→ EXERCISE OBJECTIVE
In the records below, which lines include "layers"? Copy them.

→ SUPPLIED ENTRIES

:::

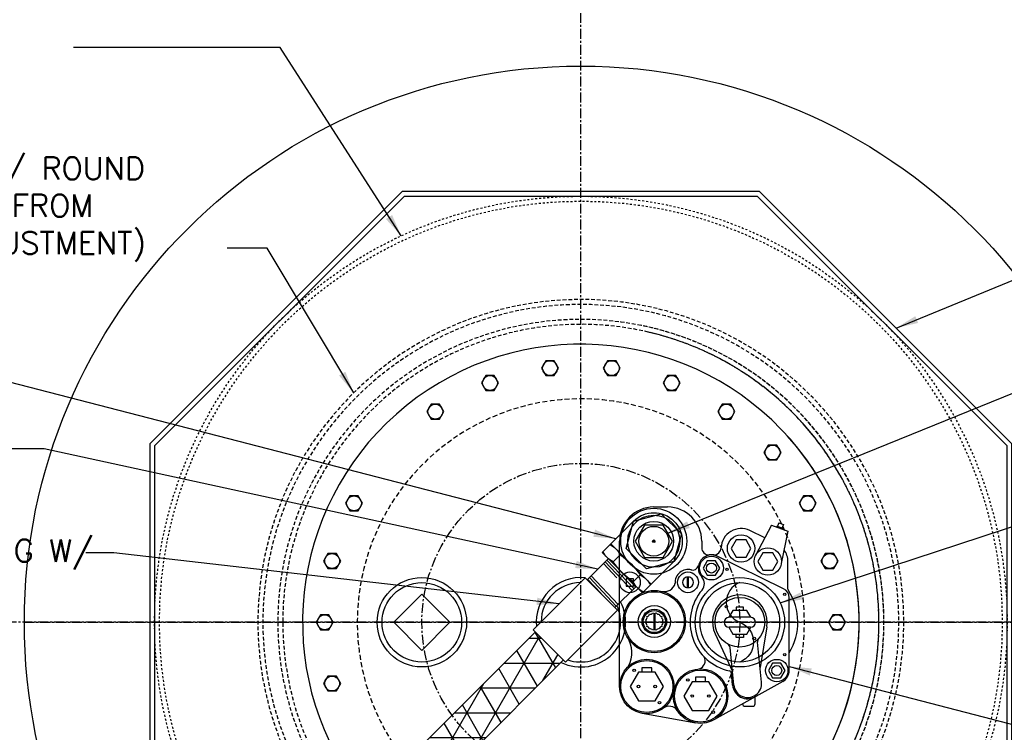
# Model space of a CAD drawing. Extents: x -750 to 90, y 3202 to 3394.
# Tile 70 of 72: x 0 to 49, y 3323 to 3358. Entities that reach past the tile are written whole.
import ezdxf

# ---------------------------------------------------------------- set-up
doc = ezdxf.new("R2010")
doc.units = 0
doc.header["$MEASUREMENT"] = 0
for name, pattern in [('CENTER1', [0.6625, 0.5, -0.075, 0.0125, -0.075]), ('HIDDEN', [0.375, 0.25, -0.125]), ('HIDDEN2', [0.28125, 0.1875, -0.09375]), ('HIDDEN5', [0.05, 0.025, -0.025])]:
    doc.linetypes.add(name, pattern=pattern)
for name, color, linetype in [('BOARDER-TXT', 2, 'CONTINUOUS'), ('CENTERLINE', 3, 'CENTER1'), ('FLEXHOSE-2', 3, 'CONTINUOUS'), ('FRP-2-HATCH', 1, 'CONTINUOUS'), ('FRP-COLLAR', 2, 'CONTINUOUS'), ('FRP-SUMP', 2, 'CONTINUOUS'), ('GALV-2-ELL', 3, 'CONTINUOUS'), ('GALV-2-PIPE', 3, 'CONTINUOUS'), ('GALV-4-PIPE', 4, 'CONTINUOUS'), ('GALV-4-PLUG', 4, 'CONTINUOUS'), ('SUB-PUMP', 4, 'CONTINUOUS'), ('TANK-MANWAY', 5, 'CONTINUOUS'), ('TANK-MANWAY-BOLT', 7, 'CONTINUOUS'), ('TEXT', 3, 'CONTINUOUS')]:
    doc.layers.add(name, color=color, linetype=linetype)
doc.layers.add('FREEZE-LINES', color=8, linetype='CONTINUOUS', plot=False)
doc.styles.add('SIMPLEX', font='simplex')
doc.dimstyles.new('DIM12', dxfattribs={"dimscale": 12, "dimtxt": 0.09375, "dimasz": 0.09375, "dimexe": 0.0625, "dimexo": 0.0625, "dimgap": 0.0625, "dimtad": 1, "dimdec": 4, "dimzin": 3, "dimdsep": 46, "dimlunit": 4, "dimtxsty": 'SIMPLEX', "dimcen": 0, "dimclrd": 3, "dimclre": 3, "dimclrt": 3, "dimadec": 0, "dimazin": 0, "dimtfac": 1, "dimtdec": 4, "dimtmove": 0, "dimatfit": 3, "dimfxl": 1, "dimfrac": 2, "dimtolj": 1, "dimtzin": 3, "dimarcsym": 0})

# ---------------------------------------------------------------- blocks, each defined once
blk = doc.blocks.new('A$C1A7F32D0')
at = {"layer": 'SUB-PUMP', "color": 8, "linetype": 'Continuous'}
for p, q in [((0, 1.723), (0.69, 1.723)), ((5.583, 0.168), (4.83, 0.536)), ((5.916, 0.8), (5.113, -0.726)), ((5.916, 0.8), (6.742, 0.509)), ((6.2, 0.766), (6.179, 0.708)), ((6.2, 0.766), (6.495, 0.662)), ((6.291, 0.931), (6.229, 0.756)), ((6.291, 0.931), (6.527, 0.848)), ((6.742, 0.509), (6.414, -1.125)), ((6.527, 0.848), (6.465, 0.673)), ((6.495, 0.662), (6.474, 0.603)), ((2.413, 0), (2.413, -0.317)), ((-1.723, -7.314), (-1.723, 0)), ((3.016, -0.692), (2.788, -0.692)), ((6.53, -2.393), (3.193, -0.759)), ((6.75, -2.415), (6.75, -1.027)), ((1.69, -2.339), (1.69, -1.801)), ((1.752, -2.339), (1.752, -1.801)), ((6.813, -6.509), (6.813, -2.843)), ((-0.003, -3.633), (-0.003, -4.457)), ((0.059, -3.633), (0.059, -4.457)), ((4.872, -3.831), (3.789, -3.831)), ((4.872, -4.331), (3.789, -4.331)), ((5.687, -4.302), (5.348, -6.365)), ((3.084, -4.663), (3.956, -6.553)), ((4.026, -7.239), (3.835, -5.358)), ((5.422, -7.097), (5.218, -5.086)), ((3.964, -7.245), (3.902, -6.634)), ((6.493, -7.055), (3.022, -8.995)), ((5.097, -8.187), (5.097, -7.835)), ((4.593, -8.312), (4.972, -8.312)), ((-0.592, -8.665), (2.111, -9.148))]:
    blk.add_line(p, q, dxfattribs=at)
for points in [[(-0.938, 0), (-0.469, -0.812), (0.469, -0.812), (0.938, 0), (0.469, 0.812), (-0.469, 0.812)], [(3.891, -0.362), (4.141, -0.795), (4.641, -0.795), (4.891, -0.362), (4.641, 0.071), (4.141, 0.071)], [(2.483, -1.353), (2.693, -1.715), (3.111, -1.715), (3.321, -1.353), (3.111, -0.99), (2.693, -0.99)], [(5.235, -1.02), (5.485, -1.453), (5.985, -1.453), (6.235, -1.02), (5.985, -0.587), (5.485, -0.587)], [(-1.387, -1.886), (-1.387, -2.255), (-1.017, -2.255), (-1.017, -1.886)], [(5.769, -6.509), (5.979, -6.872), (6.397, -6.872), (6.607, -6.509), (6.397, -6.146), (5.979, -6.146)], [(-1.186, -7.314), (-0.768, -8.038), (0.068, -8.038), (0.486, -7.314), (0.068, -6.59), (-0.768, -6.59)], [(1.516, -7.797), (1.934, -8.521), (2.77, -8.521), (3.188, -7.797), (2.77, -7.073), (1.934, -7.073)]]:
    blk.add_lwpolyline(points, close=True, dxfattribs=at)
at = {"layer": 'SUB-PUMP', "color": 8, "linetype": 'Continuous', "const_width": 0.0625}
blk.add_lwpolyline([(-0.031, 0, 1), (0.031, 0, 1)], format="xyb", close=True, dxfattribs=at)
at = {"layer": 'SUB-PUMP', "color": 8, "linetype": 'Continuous'}
for points in [[(4.522, -3.482), (4.522, -3.316), (4.138, -3.316), (4.138, -3.48), (4.139, -3.482)], [(4.88, -3.831), (4.677, -3.48), (3.983, -3.48), (3.781, -3.831)], [(3.781, -4.331), (3.983, -4.682), (4.677, -4.682), (4.88, -4.331)], [(4.522, -4.68), (4.522, -4.846), (4.138, -4.846), (4.138, -4.682), (4.139, -4.68)], [(-0.095, -6.59), (-0.095, -6.369), (-0.607, -6.369), (-0.607, -6.588), (-0.605, -6.59)], [(2.607, -7.073), (2.607, -6.852), (2.096, -6.852), (2.096, -7.071), (2.097, -7.073)]]:
    blk.add_lwpolyline(points, dxfattribs=at)
blk.add_lwpolyline([(-0.343, -4.293, 0.328652), (-0.409, -4.132, 0.328652), (-0.409, -3.958, 0.328652), (-0.343, -3.797, 0.328652), (-0.22, -3.674, 0.328652), (-0.059, -3.607, 0.328652), (0.115, -3.607, 0.328652), (0.276, -3.674, 0.328652), (0.399, -3.797, 0.328652), (0.466, -3.958, 0.328652), (0.466, -4.132, 0.328652), (0.399, -4.293, 0.328652), (0.276, -4.416, 0.328652), (0.115, -4.482, 0.328652), (-0.059, -4.482, 0.328652), (-0.22, -4.416, 0.328652)], format="xyb", close=True, dxfattribs=at)
for centre, radius in [((0, 0), 1.66), ((0, 0), 1.312), ((0, 0), 1), ((0, 0), 0.749), ((0, 0), 0.0625), ((4.391, -0.362), 0.688), ((5.735, -1.02), 0.688), ((2.902, -1.353), 0.598), ((2.902, -1.353), 0.248), ((3.685, -1.413), 0.0625), ((-1.202, -2.07), 0.521), ((1.721, -2.07), 0.521), ((0.028, -4.045), 1.566), ((0.028, -4.045), 1.504), ((4.33, -4.081), 1.25), ((6.588, -2.67), 0.0625), ((0.028, -4.045), 0.806), ((0.028, -4.045), 0.618), ((3.646, -3.298), 0.0625), ((0.028, -4.045), 0.556), ((5.049, -4.899), 0.0625), ((-0.35, -7.314), 1.373), ((6.588, -5.712), 0.0625), ((-0.35, -7.314), 1.31), ((-0.988, -6.502), 0.0625), ((2.352, -7.797), 1.373), ((6.188, -6.509), 0.562), ((6.188, -6.509), 0.248), ((2.352, -7.797), 1.31), ((1.714, -6.985), 0.0625), ((-0.768, -7.314), 0.0625), ((0.068, -7.314), 0.0625), ((1.934, -7.797), 0.0625), ((2.77, -7.797), 0.0625), ((0.288, -8.125), 0.0625), ((2.99, -8.608), 0.0625)]:
    blk.add_circle(centre, radius, dxfattribs=at)
for centre, radius, start, end in [((0, 0), 1.723, 90, 180), ((0.69, 0), 1.723, 0, 90), ((4.391, -0.362), 1, 63.9206, 178.1331), ((2.788, -0.317), 0.375, 180, 270), ((3.016, -0.317), 0.375, 270, 358.1331), ((5.75, -1.027), 1, 0, 36.6075), ((2.902, -1.353), 0.661, 63.9206, 222.469), ((1.721, -2.07), 0.646, 74.4095, 184.4544), ((1.952, -1.139), 0.315, 252.6961, 341.8605), ((1.721, -2.07), 0.271, 96.6258, 263.3742), ((1.721, -2.07), 0.271, 276.6258, 83.3742), ((2.046, -2.136), 0.5, 319.5961, 42.469), ((0.533, -1.977), 0.562, 257.3139, 345.2421), ((4.33, -4.081), 2.5, 139.5961, 257.8371), ((6.313, -2.843), 0.5, 0, 64.2739), ((6.875, -2.415), 0.125, 180, 213.2055), ((4.33, -4.081), 1.375, 350.7602, 205.0332), ((4.33, -4.081), 2.917, 328.3361, 33.2055), ((3.789, -4.081), 0.25, 90, 270), ((4.872, -4.081), 0.25, 270, 90), ((-2.54, -5.612), 1.444, 331.9177, 33.0101), ((5.466, -5.06), 0.25, 139.2392, 185.7944), ((3.586, -5.383), 0.25, 5.7944, 60.2591), ((2.162, -6.021), 0.422, 286.5143, 28.5077), ((3.777, -6.647), 0.125, 5.7944, 77.8371), ((6.188, -6.509), 0.625, 299.2078, 0), ((4.724, -7.168), 0.764, 185.7944, 299.2078), ((4.724, -7.168), 0.702, 185.7944, 5.7944), ((0.777, -8.809), 0.5, 32.7298, 127.0067), ((4.593, -8.187), 0.125, 180, 270), ((4.972, -8.187), 0.125, 270, 0)]:
    blk.add_arc(centre, radius, start, end, dxfattribs=at)

msp = doc.modelspace()

# ---------------------------------------------------------------- hatches: boundary and pattern name
at = {"layer": 'FRP-2-HATCH', "linetype": 'Continuous'}
h = msp.add_hatch(dxfattribs=at)
h.set_pattern_fill('NET3', color=256, scale=10, style=0)
h.set_pattern_definition([(6e-15, (43.8312, -2881.4234), (0, 1.25), []), (60, (43.8312, -2881.4234), (-1.08253175, 0.625), []), (120, (43.8312, -2881.4234), (-1.08253175, -0.625), [])])
h.paths.add_polyline_path([(14.60449, 3313.77313), (13.19027, 3315.18734), (25.6157, 3327.64098), (27.02991, 3326.22677)])

# ---------------------------------------------------------------- linework, layer by layer
at = {"layer": 'BOARDER-TXT'}
msp.add_lwpolyline([(25.5079, 3327.74879), (27.13772, 3326.11896), (29.76416, 3328.7454), (28.13434, 3330.37523)], close=True, dxfattribs=at)
msp.add_arc((27.91369, 3328.13499), 14, 227.965937, 42.034063, dxfattribs=at)
at = {"layer": 'CENTERLINE'}
msp.add_line((-0.08631, 3328.13499), (55.91369, 3328.13499), dxfattribs=at)
msp.add_circle((27.91369, 3328.13499), 8, dxfattribs=at)
at = {"layer": 'FLEXHOSE-2', "linetype": 'Continuous'}
for p, q in [((29.29598, 3331.33498), (28.23528, 3330.27428)), ((28.23528, 3330.27428), (29.62949, 3328.88007)), ((29.62949, 3328.88007), (30.69019, 3329.94077))]:
    msp.add_line(p, q, dxfattribs=at)
at = {"layer": 'FLEXHOSE-2', "color": 7}
for p, q in [((29.14095, 3331.17995), (30.49159, 3329.74217)), ((29.22933, 3331.26834), (30.57998, 3329.83056)), ((29.05256, 3331.09156), (29.72788, 3330.37267)), ((29.99304, 3330.63784), (30.66837, 3329.91895)), ((28.25706, 3330.29607), (28.93238, 3329.57718)), ((28.34545, 3330.38446), (29.6961, 3328.94667)), ((28.43384, 3330.47284), (29.78448, 3329.03506))]:
    msp.add_line(p, q, dxfattribs=at)
at = {"layer": 'FREEZE-LINES', "color": 8, "linetype": 'CENTER1'}
for p, q in [((27.91369, 3253.50724), (27.91369, 3393.81703)), ((89.91369, 3328.13499), (-42.08631, 3328.13499))]:
    msp.add_line(p, q, dxfattribs=at)
at = {"layer": 'FREEZE-LINES', "color": 8, "linetype": 'Continuous'}
msp.add_circle((27.91369, 3328.13499), 28, dxfattribs=at)
at = {"layer": 'FRP-COLLAR', "color": 7, "linetype": 'HIDDEN5'}
for radius in [21.45312, 21.20312]:
    msp.add_circle((27.91369, 3328.13499), radius, dxfattribs=at)
at = {"layer": 'FRP-SUMP', "linetype": 'Continuous'}
for points in [[(49.60196, 3337.11856), (36.89726, 3349.82326), (18.93011, 3349.82326), (6.22541, 3337.11856), (6.22541, 3319.15141), (18.93011, 3306.44671), (36.89726, 3306.44671), (49.60196, 3319.15141)], [(49.35724, 3337.0172), (36.7959, 3349.57854), (19.03148, 3349.57854), (6.47013, 3337.0172), (6.47013, 3319.25278), (19.03148, 3306.69143), (36.7959, 3306.69143), (49.35724, 3319.25278)]]:
    msp.add_lwpolyline(points, close=True, dxfattribs=at)
at = {"layer": 'FRP-SUMP', "color": 1, "linetype": 'HIDDEN2'}
for points in [[(27.91369, 3312.88499, 4.52957995), (16.26611, 3318.29139)], [(27.91369, 3313.13499, 4.52206575), (16.44352, 3318.4688)], [(17.6547, 3316.85156, 1.31500857), (30.89723, 3343.09029)], [(17.83168, 3317.02854, 1.2999178), (31.16369, 3342.77867)]]:
    msp.add_lwpolyline(points, format="xyb", dxfattribs=at)
for radius, start, end in [(16.25129, 227.554773, 220.498066), (16.00129, 227.594715, 220.42758)]:
    msp.add_arc((27.91369, 3328.13499), radius, start, end, dxfattribs=at)
at = {"layer": 'GALV-2-ELL', "color": 7, "linetype": 'Continuous'}
for p, q in [((29.8898, 3331.53573), (29.5367, 3331.18264)), ((30.90521, 3330.52032), (30.55211, 3330.16723))]:
    msp.add_line(p, q, dxfattribs=at)
at = {"layer": 'GALV-2-ELL', "linetype": 'Continuous'}
msp.add_lwpolyline([(29.42527, 3332.08865), (30.56801, 3333.23139, -1), (32.59883, 3331.20057), (31.45609, 3330.05783)], format="xyb", dxfattribs=at)
for points in [[(32.9705, 3332.58765), (32.59883, 3331.20057), (31.21175, 3330.8289), (30.19634, 3331.84432), (30.56801, 3333.23139), (31.95509, 3333.60306)], [(31.45609, 3330.05783), (29.42527, 3332.08865), (28.98379, 3331.64717), (31.01461, 3329.61635)]]:
    msp.add_lwpolyline(points, close=True, dxfattribs=at)
at = {"layer": 'GALV-2-ELL', "color": 7, "linetype": 'Continuous'}
for points in [[(31.0588, 3329.66054, -0.17443208), (30.55211, 3330.16723, -0.08704547), (29.5367, 3331.18264, -0.17373472), (29.02798, 3331.69136)], [(29.38108, 3332.04446, -0.17372505), (29.8898, 3331.53573, -0.08704419), (30.90521, 3330.52032, -0.1744223), (31.4119, 3330.01364)]]:
    msp.add_lwpolyline(points, format="xyb", dxfattribs=at)
at = {"layer": 'GALV-2-PIPE'}
for p, q in [((13.17617, 3315.20145), (25.6157, 3327.64098)), ((14.59038, 3313.78723), (27.02991, 3326.22677))]:
    msp.add_line(p, q, dxfattribs=at)
at = {"layer": 'GALV-4-PIPE', "color": 3}
msp.add_lwpolyline([(35.91369, 3330.13499, 0.68766423), (35.91369, 3328.13499, -0.68766423), (35.91369, 3326.13499)], format="xyb", dxfattribs=at)
at = {"layer": 'GALV-4-PIPE'}
msp.add_circle((35.91369, 3328.13499), 2.25, dxfattribs=at)
at = {"layer": 'GALV-4-PIPE', "color": 3}
msp.add_circle((35.91369, 3328.13499), 2, dxfattribs=at)
at = {"layer": 'GALV-4-PLUG', "color": 2, "linetype": 'Continuous'}
msp.add_lwpolyline([(21.3279, 3328.13499), (19.91369, 3326.72077), (18.49947, 3328.13499), (19.91369, 3329.5492)], close=True, dxfattribs=at)
at = {"layer": 'GALV-4-PLUG'}
msp.add_circle((19.91369, 3328.13499), 2.25, dxfattribs=at)
at = {"layer": 'GALV-4-PLUG', "color": 2, "linetype": 'Continuous'}
msp.add_circle((19.91369, 3328.13499), 2, dxfattribs=at)
at = {"layer": 'GALV-4-PLUG'}
for start, end in [(84.397472, 185.602529), (243.781008, 27.237758)]:
    msp.add_arc((27.91369, 3328.13499), 2.25, start, end, dxfattribs=at)
at = {"layer": 'GALV-4-PLUG', "color": 2, "linetype": 'Continuous'}
for start, end in [(90.564045, 179.435957), (251.003445, 24.927967)]:
    msp.add_arc((27.91369, 3328.13499), 2, start, end, dxfattribs=at)
at = {"layer": 'TANK-MANWAY', "color": 2, "linetype": 'Continuous'}
msp.add_arc((27.91369, 3328.13499), 14, 234.254153, 213.600168, dxfattribs=at)
at = {"layer": 'TANK-MANWAY', "color": 7, "linetype": 'HIDDEN'}
msp.add_arc((27.91369, 3328.13499), 11.25, 229.465238, 217.556228, dxfattribs=at)
at = {"layer": 'TANK-MANWAY-BOLT'}
for points in [[(26.14361, 3341.30478), (25.92711, 3340.92978), (26.14361, 3340.55478), (26.57662, 3340.55478), (26.79313, 3340.92978), (26.57662, 3341.30478)], [(29.25075, 3341.30478), (29.03424, 3340.92978), (29.25075, 3340.55478), (29.68376, 3340.55478), (29.90027, 3340.92978), (29.68376, 3341.30478)], [(23.12676, 3340.56119), (22.91025, 3340.18619), (23.12676, 3339.81119), (23.55977, 3339.81119), (23.77628, 3340.18619), (23.55977, 3340.56119)], [(32.2676, 3340.56119), (32.0511, 3340.18619), (32.2676, 3339.81119), (32.70061, 3339.81119), (32.91712, 3340.18619), (32.70061, 3340.56119)], [(20.37553, 3339.11724), (20.15902, 3338.74224), (20.37553, 3338.36724), (20.80854, 3338.36724), (21.02505, 3338.74224), (20.80854, 3339.11724)], [(35.01884, 3339.11724), (34.80233, 3338.74224), (35.01884, 3338.36724), (35.45185, 3338.36724), (35.66836, 3338.74224), (35.45185, 3339.11724)], [(37.34456, 3337.05682), (37.12806, 3336.68182), (37.34456, 3336.30682), (37.77758, 3336.30682), (37.99408, 3336.68182), (37.77758, 3337.05682)], [(16.28474, 3334.4997), (16.06824, 3334.1247), (16.28474, 3333.7497), (16.71776, 3333.7497), (16.93426, 3334.1247), (16.71776, 3334.4997)], [(39.10962, 3334.4997), (38.89311, 3334.1247), (39.10962, 3333.7497), (39.54263, 3333.7497), (39.75914, 3334.1247), (39.54263, 3334.4997)], [(15.18294, 3331.59447), (14.96643, 3331.21947), (15.18294, 3330.84447), (15.61595, 3330.84447), (15.83246, 3331.21947), (15.61595, 3331.59447)], [(40.21143, 3331.59447), (39.99492, 3331.21947), (40.21143, 3330.84447), (40.64444, 3330.84447), (40.86094, 3331.21947), (40.64444, 3331.59447)], [(14.80841, 3328.50999), (14.59191, 3328.13499), (14.80841, 3327.75999), (15.24143, 3327.75999), (15.45793, 3328.13499), (15.24143, 3328.50999)], [(40.58595, 3328.50999), (40.36944, 3328.13499), (40.58595, 3327.75999), (41.01896, 3327.75999), (41.23547, 3328.13499), (41.01896, 3328.50999)], [(15.18294, 3325.4255), (14.96643, 3325.0505), (15.18294, 3324.6755), (15.61595, 3324.6755), (15.83246, 3325.0505), (15.61595, 3325.4255)]]:
    msp.add_lwpolyline(points, close=True, dxfattribs=at)
for centre in [(26.36012, 3340.92978), (29.46726, 3340.92978), (23.34327, 3340.18619), (32.48411, 3340.18619), (20.59203, 3338.74224), (35.23534, 3338.74224), (37.56107, 3336.68182), (16.50125, 3334.1247), (39.32613, 3334.1247), (15.39944, 3331.21947), (40.42793, 3331.21947), (15.02492, 3328.13499), (40.80246, 3328.13499), (15.39944, 3325.0505)]:
    msp.add_circle(centre, 0.375, dxfattribs=at)

# ---------------------------------------------------------------- block references
at = {"layer": 'SUB-PUMP', "linetype": 'Continuous'}
msp.add_blockref('A$C1A7F32D0', (31.58342, 3332.21598), dxfattribs=at)

# ---------------------------------------------------------------- texts
at = {"layer": 'TEXT', "char_height": 1.125, "attachment_point": 1, "style": 'SIMPLEX'}
for s, insert, width in [('FRP ENCLOSURE TOP W/ ROUND BODY EXTENSION (TRIM FROM BOTTOM FOR FIELD ADJUSTMENT)', (-19.08631, 3351.55065), 29.3331407), ('\\pt2.16;2" FLEXWORKS COUPLING W/ TEST PORT', (-19.08631, 3332.2987), 24.8477235)]:
    msp.add_mtext(s, dxfattribs=dict(at, insert=insert, width=width))

# ---------------------------------------------------------------- leaders
at = {"layer": 'TEXT', "linetype": 'Continuous'}
for points in [[(18.87139, 3347.58938), (12.77916, 3357.06436), (2.38208, 3357.06436)], [(16.48353, 3339.6873), (12.12976, 3346.96478), (10.12554, 3346.96478)]]:
    msp.add_leader(points, dimstyle='DIM12', override={"dimgap": 0.0625, "dimtad": 0}, dxfattribs=at)
at = {"layer": 'TEXT'}
for points in [[(43.7724, 3342.94813), (53.58656, 3346.9718), (56.00791, 3346.9718)], [(29.67454, 3332.33792), (-0.8253, 3340.2198), (-9.3796, 3340.2198)], [(32.28655, 3332.62193), (50.84773, 3340.15563), (55.91369, 3340.15563)], [(28.76563, 3330.80463), (0.90753, 3336.87008), (-6.60042, 3336.87008)], [(37.94249, 3329.10785), (52.31871, 3333.85118), (55.91369, 3333.85118)], [(26.82112, 3329.06201), (4.42321, 3331.63434), (3.00392, 3331.63434)], [(38.39632, 3325.9155), (50.84773, 3322.66969), (55.91369, 3322.66969)]]:
    msp.add_leader(points, dimstyle='DIM12', dxfattribs=at)

doc.saveas('drawing.dxf')

:::

→ ANSWER SPACE
    doc.layers.add(name, color=color, linetype=linetype)
doc.layers.add('FREEZE-LINES', color=8, linetype='CONTINUOUS', plot=False)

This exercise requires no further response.